(Input for this task begins)

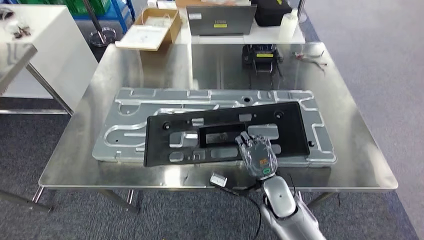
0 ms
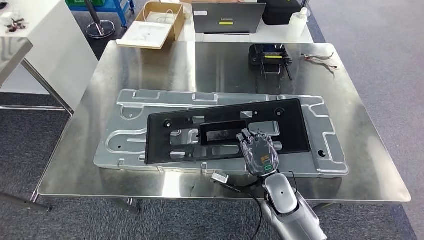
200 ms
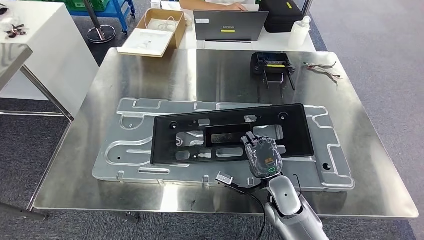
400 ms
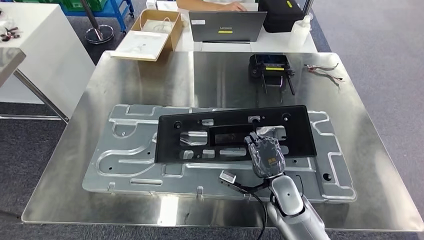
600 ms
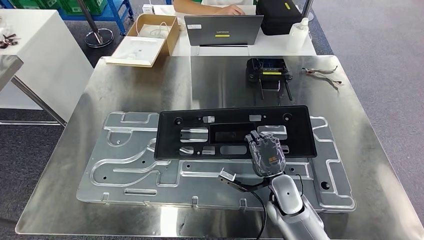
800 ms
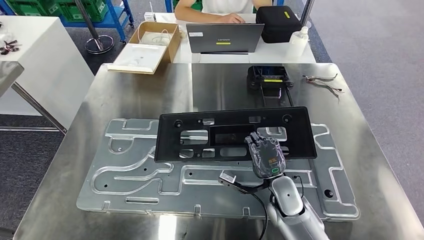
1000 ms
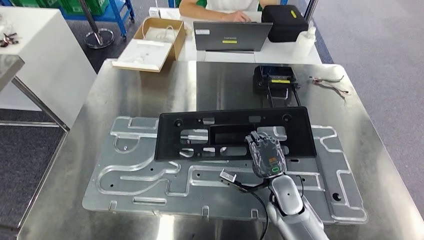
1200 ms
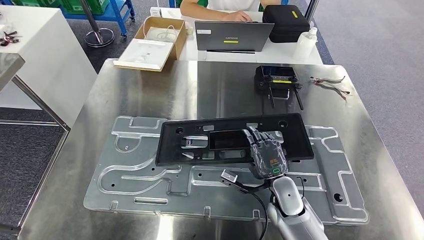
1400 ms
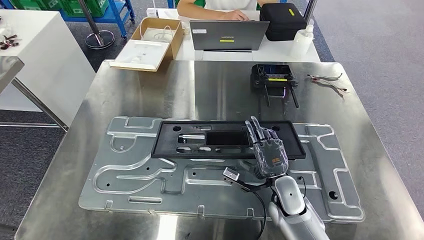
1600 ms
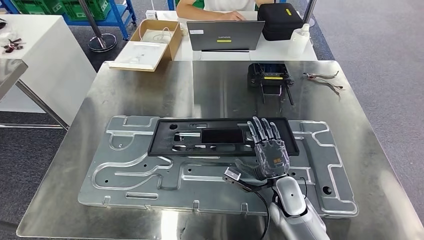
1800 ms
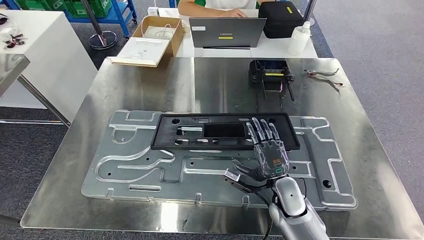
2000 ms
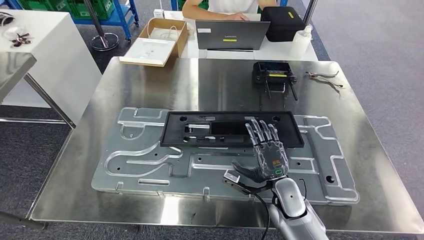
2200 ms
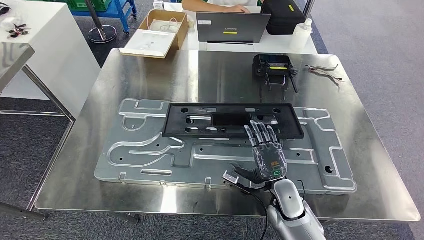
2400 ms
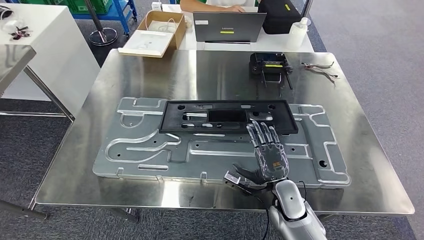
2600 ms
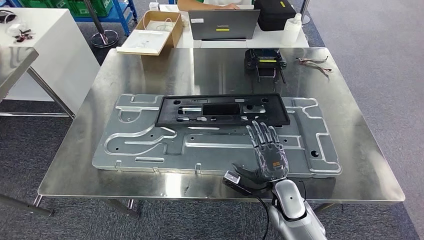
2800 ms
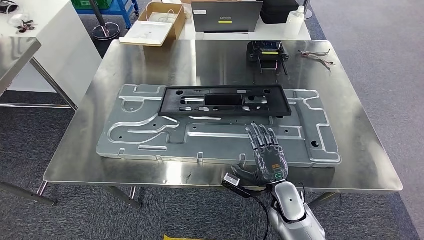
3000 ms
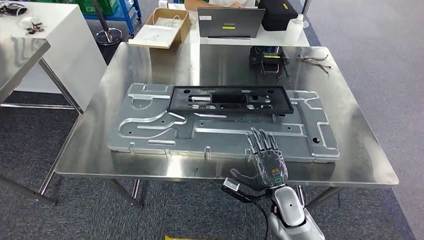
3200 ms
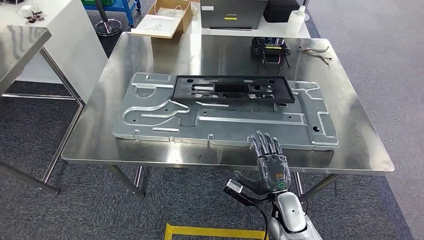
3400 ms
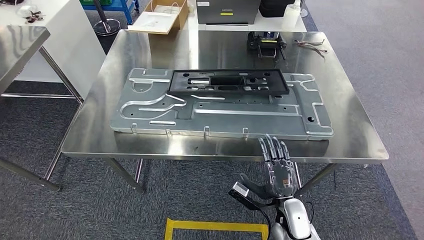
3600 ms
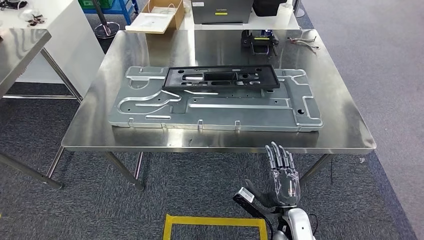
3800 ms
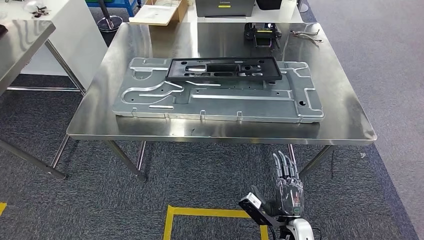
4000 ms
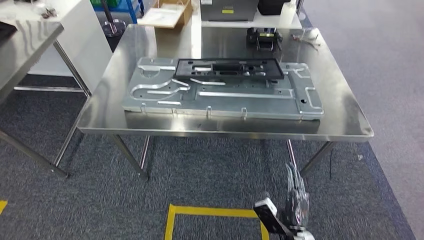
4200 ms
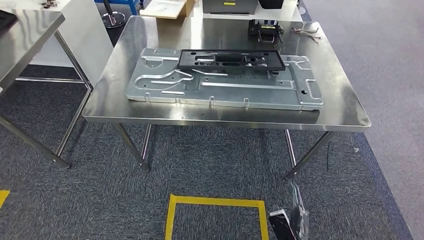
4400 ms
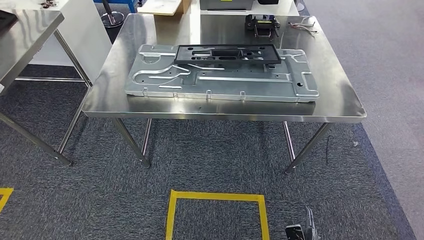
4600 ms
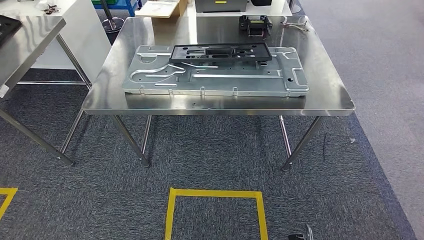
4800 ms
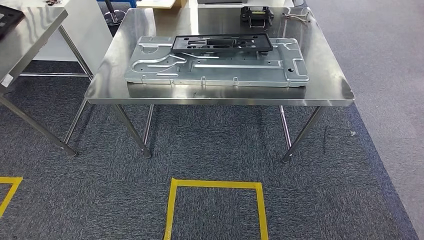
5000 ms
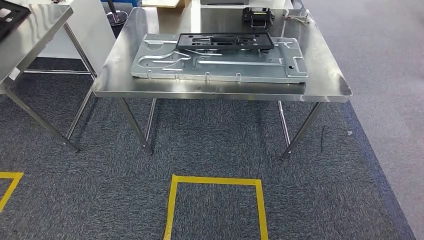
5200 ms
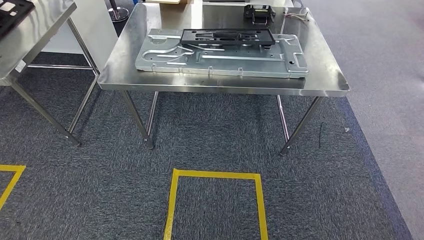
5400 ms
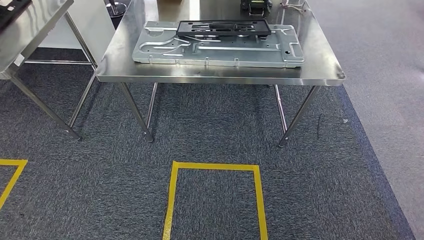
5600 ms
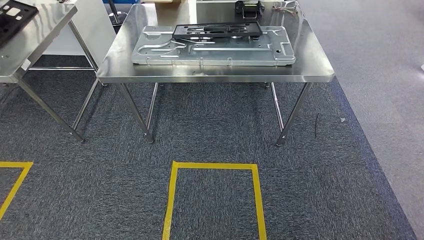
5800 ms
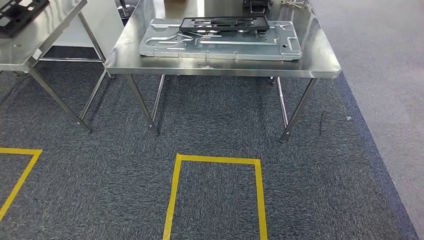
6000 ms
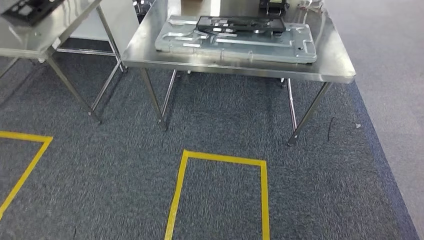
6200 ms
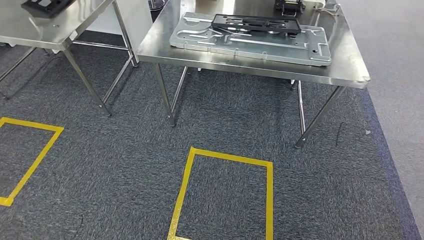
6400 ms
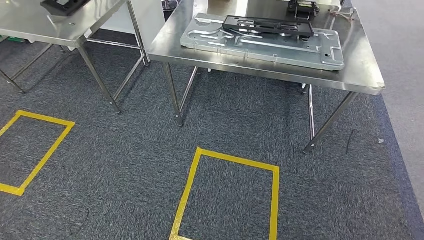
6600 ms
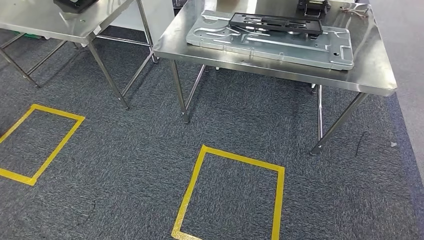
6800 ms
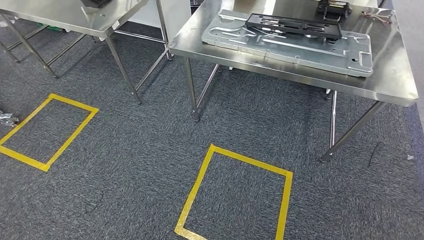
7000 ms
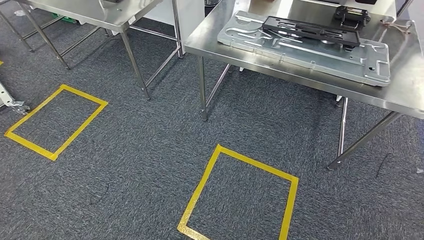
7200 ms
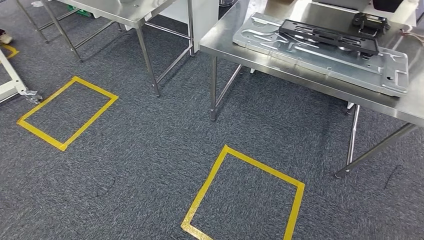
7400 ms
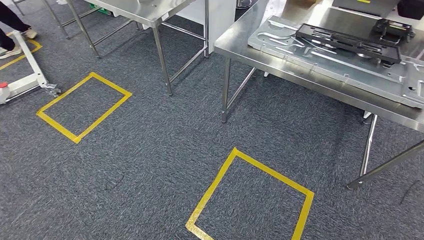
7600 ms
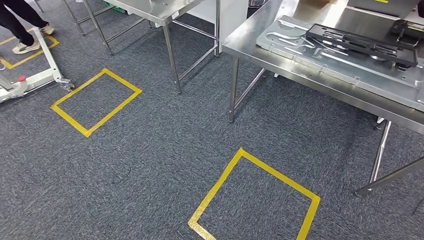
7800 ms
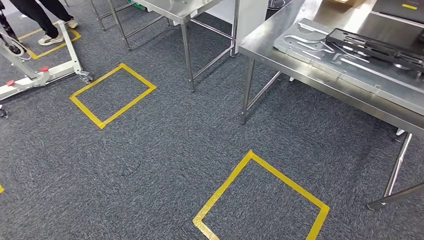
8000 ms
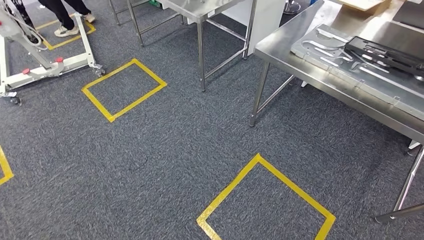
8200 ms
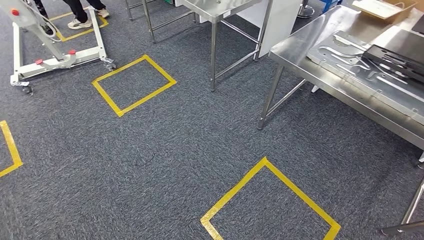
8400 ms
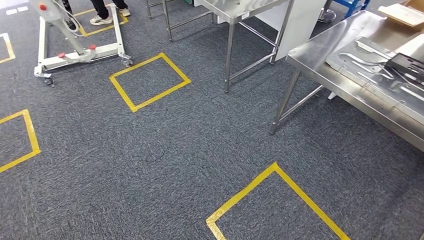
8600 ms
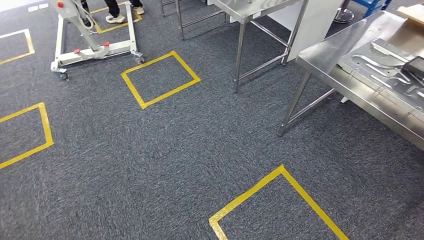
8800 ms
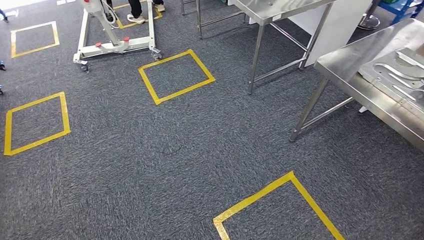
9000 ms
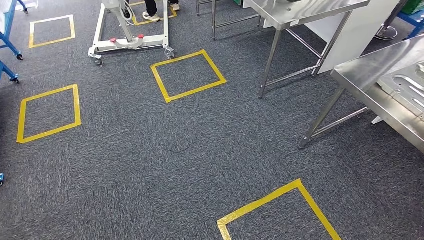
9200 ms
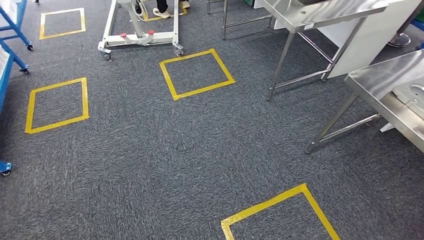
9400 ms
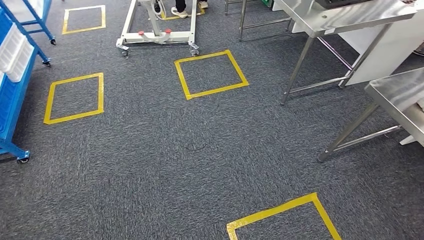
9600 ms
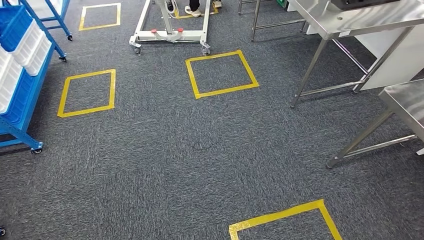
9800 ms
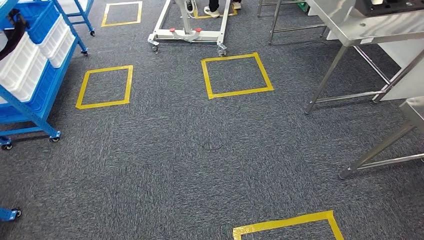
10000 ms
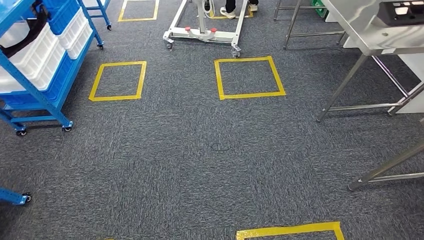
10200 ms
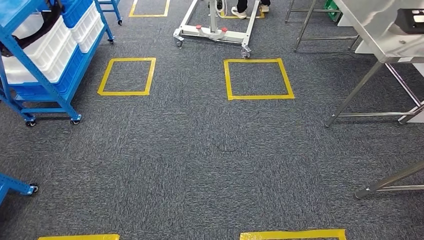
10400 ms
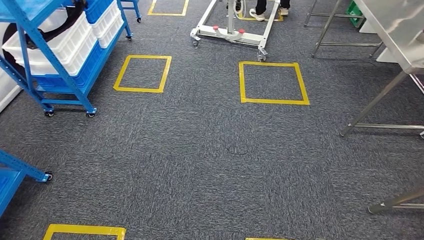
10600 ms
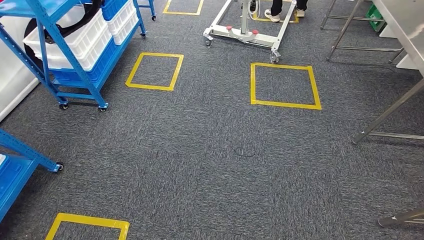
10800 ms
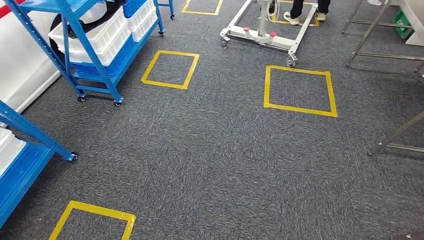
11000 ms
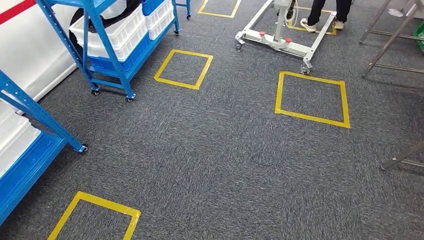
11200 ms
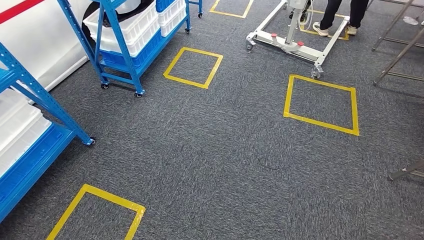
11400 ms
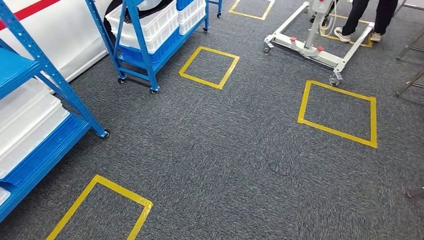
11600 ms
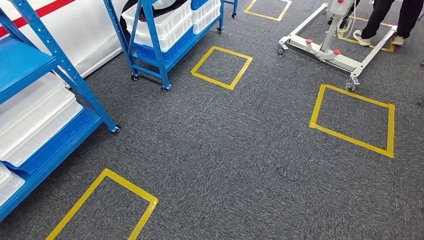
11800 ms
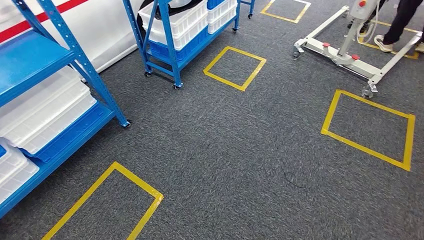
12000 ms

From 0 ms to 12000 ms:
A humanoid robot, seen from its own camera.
Step, from 0 ms to 5600 ms: Insert the large parts into the corresponding slots on the workbench.

(Input for this task ends)

* What to work on: Repeat the listing above word for word. Do not include the pictures.

* Written answer:
0 ms
200 ms
400 ms
600 ms
800 ms
1000 ms
1200 ms
1400 ms
1600 ms
1800 ms
2000 ms
2200 ms
2400 ms
2600 ms
2800 ms
3000 ms
3200 ms
3400 ms
3600 ms
3800 ms
4000 ms
4200 ms
4400 ms
4600 ms
4800 ms
5000 ms
5200 ms
5400 ms
5600 ms
5800 ms
6000 ms
6200 ms
6400 ms
6600 ms
6800 ms
7000 ms
7200 ms
7400 ms
7600 ms
7800 ms
8000 ms
8200 ms
8400 ms
8600 ms
8800 ms
9000 ms
9200 ms
9400 ms
9600 ms
9800 ms
10000 ms
10200 ms
10400 ms
10600 ms
10800 ms
11000 ms
11200 ms
11400 ms
11600 ms
11800 ms
12000 ms

From 0 ms to 12000 ms:
A humanoid robot, seen from its own camera.
Step, from 0 ms to 5600 ms: Insert the large parts into the corresponding slots on the workbench.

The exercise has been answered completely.